The first show of dozens that will originate from WLRN's Miami studios featured an interview with Miami Mayor Tomas Regalado and a Venezuelan immigrant who's just beginning her new life in Sunrise.

Credit Dan Grech
HOBSON ON MIAMI: 'It's the perfect place to look at what the new American Dream is.'

Those are the two ends of the immigrant story, Hobson figures: one at the beginning and the other at the end of the path to the American Dream.

"It's a place with such a huge foreign born population, it's the perfect place to look at what the new American Dream is because you're talking to people who have just arrived," said Hobson.

The Regalado interview, broadcast in two parts on Tuesday morning, should be particularly eye-opening, Hobson said, and not just because of a compelling immigrant story that ends with becoming the elected leader of a multi-ethnic population.

It's because the guy has a thick Cuban accent.

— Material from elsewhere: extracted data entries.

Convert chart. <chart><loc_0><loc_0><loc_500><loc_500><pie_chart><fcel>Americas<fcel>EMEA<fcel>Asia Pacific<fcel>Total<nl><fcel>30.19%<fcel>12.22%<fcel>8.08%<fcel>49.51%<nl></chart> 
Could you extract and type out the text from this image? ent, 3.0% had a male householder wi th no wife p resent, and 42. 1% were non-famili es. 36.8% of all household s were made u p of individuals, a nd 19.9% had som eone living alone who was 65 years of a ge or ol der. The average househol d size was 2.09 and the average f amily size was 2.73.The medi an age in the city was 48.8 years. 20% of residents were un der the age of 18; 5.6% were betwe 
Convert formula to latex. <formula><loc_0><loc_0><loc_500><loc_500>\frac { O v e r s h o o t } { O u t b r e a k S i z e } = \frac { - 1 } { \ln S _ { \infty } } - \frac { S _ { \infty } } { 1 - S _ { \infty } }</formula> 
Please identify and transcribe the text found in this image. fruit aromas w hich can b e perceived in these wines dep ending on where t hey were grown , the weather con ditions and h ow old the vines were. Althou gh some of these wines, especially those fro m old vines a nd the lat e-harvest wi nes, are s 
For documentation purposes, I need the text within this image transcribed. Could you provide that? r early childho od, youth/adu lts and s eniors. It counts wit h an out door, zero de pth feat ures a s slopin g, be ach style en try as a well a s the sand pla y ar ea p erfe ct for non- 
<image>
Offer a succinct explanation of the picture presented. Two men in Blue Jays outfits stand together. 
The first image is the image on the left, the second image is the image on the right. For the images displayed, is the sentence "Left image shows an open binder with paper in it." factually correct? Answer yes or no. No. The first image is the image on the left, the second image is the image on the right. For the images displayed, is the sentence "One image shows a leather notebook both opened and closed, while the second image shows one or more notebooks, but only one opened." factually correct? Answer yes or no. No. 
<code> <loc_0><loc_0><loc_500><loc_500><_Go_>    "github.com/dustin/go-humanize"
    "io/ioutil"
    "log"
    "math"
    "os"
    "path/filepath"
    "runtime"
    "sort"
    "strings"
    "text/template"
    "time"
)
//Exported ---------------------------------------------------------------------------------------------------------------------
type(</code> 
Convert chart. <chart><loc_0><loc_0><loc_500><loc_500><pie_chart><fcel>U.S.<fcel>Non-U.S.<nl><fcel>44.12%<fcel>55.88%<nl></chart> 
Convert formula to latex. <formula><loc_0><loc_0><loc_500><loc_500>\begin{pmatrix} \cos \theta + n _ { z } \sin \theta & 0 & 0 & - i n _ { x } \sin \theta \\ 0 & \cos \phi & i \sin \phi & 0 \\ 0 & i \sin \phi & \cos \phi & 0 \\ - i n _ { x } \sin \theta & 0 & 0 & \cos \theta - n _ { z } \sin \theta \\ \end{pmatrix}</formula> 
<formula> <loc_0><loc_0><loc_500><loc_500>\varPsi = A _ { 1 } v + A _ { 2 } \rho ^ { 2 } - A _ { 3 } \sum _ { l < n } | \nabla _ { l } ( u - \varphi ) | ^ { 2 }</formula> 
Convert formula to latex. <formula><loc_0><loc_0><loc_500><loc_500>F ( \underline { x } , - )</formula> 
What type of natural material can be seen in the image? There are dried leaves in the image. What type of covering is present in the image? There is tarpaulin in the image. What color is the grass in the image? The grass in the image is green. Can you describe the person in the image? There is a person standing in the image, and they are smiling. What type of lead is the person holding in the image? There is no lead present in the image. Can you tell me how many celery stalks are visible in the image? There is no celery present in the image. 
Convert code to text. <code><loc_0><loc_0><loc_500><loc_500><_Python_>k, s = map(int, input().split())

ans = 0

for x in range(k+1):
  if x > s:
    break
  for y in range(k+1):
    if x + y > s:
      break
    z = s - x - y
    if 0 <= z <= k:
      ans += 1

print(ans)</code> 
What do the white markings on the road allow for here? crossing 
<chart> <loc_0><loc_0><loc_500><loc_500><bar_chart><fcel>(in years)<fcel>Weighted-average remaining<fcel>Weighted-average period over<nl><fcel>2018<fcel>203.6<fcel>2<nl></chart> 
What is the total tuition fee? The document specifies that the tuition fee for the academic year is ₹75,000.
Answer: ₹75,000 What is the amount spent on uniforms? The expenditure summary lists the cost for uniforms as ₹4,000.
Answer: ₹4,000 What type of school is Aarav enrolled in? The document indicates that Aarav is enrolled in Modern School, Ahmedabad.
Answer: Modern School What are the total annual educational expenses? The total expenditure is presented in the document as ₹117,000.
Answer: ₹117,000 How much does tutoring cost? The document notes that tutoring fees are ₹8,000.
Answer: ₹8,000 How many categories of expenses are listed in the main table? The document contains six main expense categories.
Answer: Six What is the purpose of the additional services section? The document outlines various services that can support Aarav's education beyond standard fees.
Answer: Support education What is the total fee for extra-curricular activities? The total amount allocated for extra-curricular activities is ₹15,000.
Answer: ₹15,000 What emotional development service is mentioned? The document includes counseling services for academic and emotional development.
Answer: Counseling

"You don't go to almost any other city in the country and find a mayor who is speaking with an accent," Hobson said. "In fact, when he was talking to his press guy while we were setting up for the interview, he was speaking in Spanish."

To Americans in more homogeneous places, hearing the mayor of Miami speak with a heavy foreign accent is a reminder, perhaps a shocking reminder, of the population trends that many say brought President Barack Obama to a second term.

"Some people might be a little nervous about that," said Hobson in a quick interview between two of the seven shows he and his team will produce every morning in Miami.

"But the most important cities in the world have that. New York, London, Hong Kong, they're all international cities," he said. "Miami has that."

And that's a positive thought that Miami may need to cure one of its laughably obvious neuroses, its inferiority complex.

"I've heard from so many people, 'We've got to have the best art museums or people aren't going to take us seriously.' Or, 'We’ve got to have the biggest stars in sports or people aren't going to take us seriously.'"

Hobson, who believes Miami is usually regarded (outside of its own borders) as a top-tier American city, says Miami's low self-esteem would be amusing it weren't also so damaging.  He says Marketplace is exploring a theory that Miami has undermined some of its critical assets -- transportation and education, for instance -- by spending too much of its money on status-conscious white elephants like sports arenas.

That's a topic for one of Wednesday morning's broadcasts. Hobson's guest will be the Miami Herald's economy reporter, Doug Hanks.

Being chosen by a national news program as a social and demographic metaphor for modern America may go a long way to addressing Miami's self-perceived inferiority but Marketplace is already advising us not to let our heads get big.

Remember the end of the presidential campaign, with all the attention on Ohio? Back then, the important national city with epidemic issues was... Cleveland. Marketplace spent a week there, too, documenting its crumbling manufacturing base and its desperate lunge for economic diversification--and testing a conclusion that we'd all face similar developments sooner or later.

But right this minute, says Marketplace Morning Report producer Sean Bowditch after three days in South Florida, it's all about Miami.

"I'm still processing what we're hearing," he said. "It's been a fabulous quilt of perspectives and thoughts and insights."